[Opening PROVIDED ENTRIES section]
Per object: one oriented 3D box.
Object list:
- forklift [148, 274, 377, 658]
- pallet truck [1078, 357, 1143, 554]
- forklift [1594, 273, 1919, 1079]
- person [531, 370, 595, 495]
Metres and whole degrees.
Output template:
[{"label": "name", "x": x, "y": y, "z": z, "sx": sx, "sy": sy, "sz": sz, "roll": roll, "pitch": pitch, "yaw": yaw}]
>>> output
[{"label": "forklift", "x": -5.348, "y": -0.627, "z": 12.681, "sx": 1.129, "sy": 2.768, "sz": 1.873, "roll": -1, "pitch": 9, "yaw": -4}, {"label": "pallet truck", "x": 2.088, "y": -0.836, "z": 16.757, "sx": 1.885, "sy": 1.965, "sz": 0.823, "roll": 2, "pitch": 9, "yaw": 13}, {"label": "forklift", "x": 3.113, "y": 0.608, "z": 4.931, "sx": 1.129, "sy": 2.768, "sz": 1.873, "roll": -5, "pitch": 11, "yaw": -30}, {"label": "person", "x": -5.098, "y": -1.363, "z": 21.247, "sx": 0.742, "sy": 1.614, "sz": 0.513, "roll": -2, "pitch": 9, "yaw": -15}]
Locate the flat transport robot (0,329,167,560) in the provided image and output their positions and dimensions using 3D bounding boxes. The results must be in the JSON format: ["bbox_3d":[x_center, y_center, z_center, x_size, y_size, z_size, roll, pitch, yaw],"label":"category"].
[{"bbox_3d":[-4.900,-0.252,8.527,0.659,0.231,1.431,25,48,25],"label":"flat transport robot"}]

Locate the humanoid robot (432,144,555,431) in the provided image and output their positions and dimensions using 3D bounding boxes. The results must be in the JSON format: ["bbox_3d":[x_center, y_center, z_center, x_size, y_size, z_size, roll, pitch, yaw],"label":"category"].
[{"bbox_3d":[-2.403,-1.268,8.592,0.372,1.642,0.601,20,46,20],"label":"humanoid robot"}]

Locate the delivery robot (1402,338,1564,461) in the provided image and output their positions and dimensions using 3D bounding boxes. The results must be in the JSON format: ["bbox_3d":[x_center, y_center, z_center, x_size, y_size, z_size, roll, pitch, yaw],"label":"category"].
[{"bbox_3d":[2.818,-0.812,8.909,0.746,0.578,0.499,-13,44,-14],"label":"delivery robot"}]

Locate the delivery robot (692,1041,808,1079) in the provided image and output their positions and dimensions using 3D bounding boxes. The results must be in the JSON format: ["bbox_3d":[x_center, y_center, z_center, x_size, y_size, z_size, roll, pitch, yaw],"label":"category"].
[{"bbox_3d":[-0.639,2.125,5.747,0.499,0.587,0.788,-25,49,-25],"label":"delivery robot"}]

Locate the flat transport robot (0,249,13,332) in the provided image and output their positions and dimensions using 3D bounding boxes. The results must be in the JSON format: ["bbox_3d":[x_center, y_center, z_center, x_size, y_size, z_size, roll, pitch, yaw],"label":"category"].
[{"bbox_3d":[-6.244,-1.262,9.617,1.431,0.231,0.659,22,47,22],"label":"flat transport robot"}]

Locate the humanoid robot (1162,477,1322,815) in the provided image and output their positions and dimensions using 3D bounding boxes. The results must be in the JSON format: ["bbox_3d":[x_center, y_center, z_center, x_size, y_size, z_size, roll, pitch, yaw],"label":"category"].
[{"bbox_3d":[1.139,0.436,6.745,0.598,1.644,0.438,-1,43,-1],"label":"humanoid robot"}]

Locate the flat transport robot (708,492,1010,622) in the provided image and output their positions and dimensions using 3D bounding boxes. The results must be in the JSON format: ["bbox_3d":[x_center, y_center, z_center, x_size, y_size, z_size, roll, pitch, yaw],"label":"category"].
[Closing PROVIDED ENTRIES section]
Restate the entries above, keeping every word intact.

Per object: one oriented 3D box.
Object list:
- forklift [148, 274, 377, 658]
- pallet truck [1078, 357, 1143, 554]
- forklift [1594, 273, 1919, 1079]
- person [531, 370, 595, 495]
Metres and whole degrees.
Output template:
[{"label": "name", "x": x, "y": y, "z": z, "sx": sx, "sy": sy, "sz": sz, "roll": roll, "pitch": pitch, "yaw": yaw}]
>>> output
[{"label": "forklift", "x": -5.348, "y": -0.627, "z": 12.681, "sx": 1.129, "sy": 2.768, "sz": 1.873, "roll": -1, "pitch": 9, "yaw": -4}, {"label": "pallet truck", "x": 2.088, "y": -0.836, "z": 16.757, "sx": 1.885, "sy": 1.965, "sz": 0.823, "roll": 2, "pitch": 9, "yaw": 13}, {"label": "forklift", "x": 3.113, "y": 0.608, "z": 4.931, "sx": 1.129, "sy": 2.768, "sz": 1.873, "roll": -5, "pitch": 11, "yaw": -30}, {"label": "person", "x": -5.098, "y": -1.363, "z": 21.247, "sx": 0.742, "sy": 1.614, "sz": 0.513, "roll": -2, "pitch": 9, "yaw": -15}]
Locate the flat transport robot (0,329,167,560) in the provided image and output their positions and dimensions using 3D bounding boxes. The results must be in the JSON format: ["bbox_3d":[x_center, y_center, z_center, x_size, y_size, z_size, roll, pitch, yaw],"label":"category"].
[{"bbox_3d":[-4.900,-0.252,8.527,0.659,0.231,1.431,25,48,25],"label":"flat transport robot"}]

Locate the humanoid robot (432,144,555,431) in the provided image and output their positions and dimensions using 3D bounding boxes. The results must be in the JSON format: ["bbox_3d":[x_center, y_center, z_center, x_size, y_size, z_size, roll, pitch, yaw],"label":"category"].
[{"bbox_3d":[-2.403,-1.268,8.592,0.372,1.642,0.601,20,46,20],"label":"humanoid robot"}]

Locate the delivery robot (1402,338,1564,461) in the provided image and output their positions and dimensions using 3D bounding boxes. The results must be in the JSON format: ["bbox_3d":[x_center, y_center, z_center, x_size, y_size, z_size, roll, pitch, yaw],"label":"category"].
[{"bbox_3d":[2.818,-0.812,8.909,0.746,0.578,0.499,-13,44,-14],"label":"delivery robot"}]

Locate the delivery robot (692,1041,808,1079) in the provided image and output their positions and dimensions using 3D bounding boxes. The results must be in the JSON format: ["bbox_3d":[x_center, y_center, z_center, x_size, y_size, z_size, roll, pitch, yaw],"label":"category"].
[{"bbox_3d":[-0.639,2.125,5.747,0.499,0.587,0.788,-25,49,-25],"label":"delivery robot"}]

Locate the flat transport robot (0,249,13,332) in the provided image and output their positions and dimensions using 3D bounding boxes. The results must be in the JSON format: ["bbox_3d":[x_center, y_center, z_center, x_size, y_size, z_size, roll, pitch, yaw],"label":"category"].
[{"bbox_3d":[-6.244,-1.262,9.617,1.431,0.231,0.659,22,47,22],"label":"flat transport robot"}]

Locate the humanoid robot (1162,477,1322,815) in the provided image and output their positions and dimensions using 3D bounding boxes. The results must be in the JSON format: ["bbox_3d":[x_center, y_center, z_center, x_size, y_size, z_size, roll, pitch, yaw],"label":"category"].
[{"bbox_3d":[1.139,0.436,6.745,0.598,1.644,0.438,-1,43,-1],"label":"humanoid robot"}]

Locate the flat transport robot (708,492,1010,622) in the provided image and output their positions and dimensions using 3D bounding boxes. The results must be in the JSON format: ["bbox_3d":[x_center, y_center, z_center, x_size, y_size, z_size, roll, pitch, yaw],"label":"category"].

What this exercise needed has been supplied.